(Records from a dataset)
—————
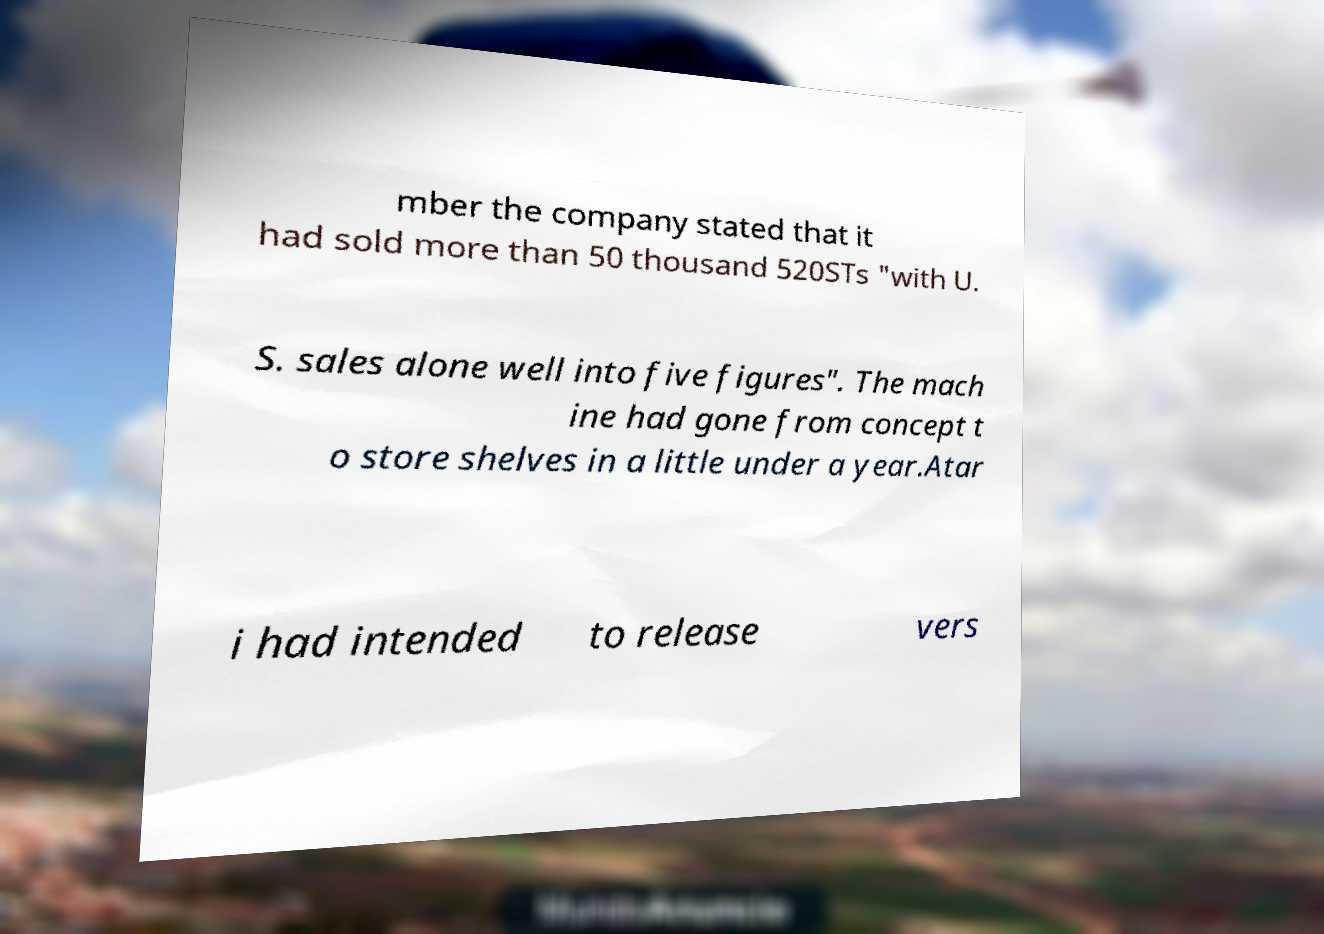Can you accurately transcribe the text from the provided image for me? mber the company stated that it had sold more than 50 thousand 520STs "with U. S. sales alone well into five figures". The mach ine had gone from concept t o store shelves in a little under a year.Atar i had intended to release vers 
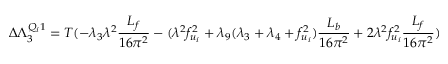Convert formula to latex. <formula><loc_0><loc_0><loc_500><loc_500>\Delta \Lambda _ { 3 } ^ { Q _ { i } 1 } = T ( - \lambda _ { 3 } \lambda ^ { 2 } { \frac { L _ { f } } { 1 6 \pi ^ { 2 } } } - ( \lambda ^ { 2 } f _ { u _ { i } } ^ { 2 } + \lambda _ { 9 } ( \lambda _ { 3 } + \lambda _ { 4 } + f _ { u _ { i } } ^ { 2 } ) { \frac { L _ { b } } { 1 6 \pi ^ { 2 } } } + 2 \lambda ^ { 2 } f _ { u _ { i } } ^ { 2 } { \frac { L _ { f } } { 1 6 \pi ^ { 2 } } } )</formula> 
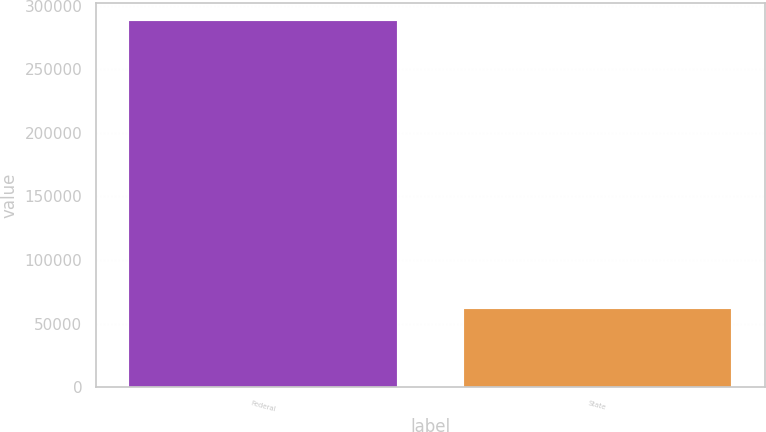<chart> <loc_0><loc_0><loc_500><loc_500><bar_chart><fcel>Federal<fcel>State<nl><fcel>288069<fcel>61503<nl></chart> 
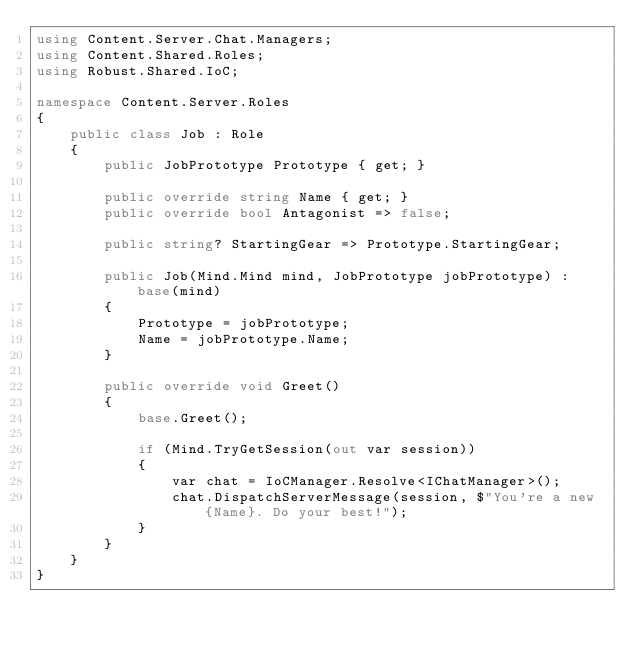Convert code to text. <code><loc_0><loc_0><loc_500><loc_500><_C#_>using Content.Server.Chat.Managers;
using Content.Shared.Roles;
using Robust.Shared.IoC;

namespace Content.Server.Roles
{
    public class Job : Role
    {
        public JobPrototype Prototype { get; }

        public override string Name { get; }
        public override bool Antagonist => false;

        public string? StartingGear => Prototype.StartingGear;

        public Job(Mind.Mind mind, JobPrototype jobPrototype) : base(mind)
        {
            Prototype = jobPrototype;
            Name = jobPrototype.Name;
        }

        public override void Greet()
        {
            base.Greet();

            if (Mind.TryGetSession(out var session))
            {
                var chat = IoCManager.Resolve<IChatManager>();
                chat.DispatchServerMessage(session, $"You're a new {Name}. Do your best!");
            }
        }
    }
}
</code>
—————
Return, from the data, each line that has the word "Greet" in it.

        public override void Greet()
            base.Greet();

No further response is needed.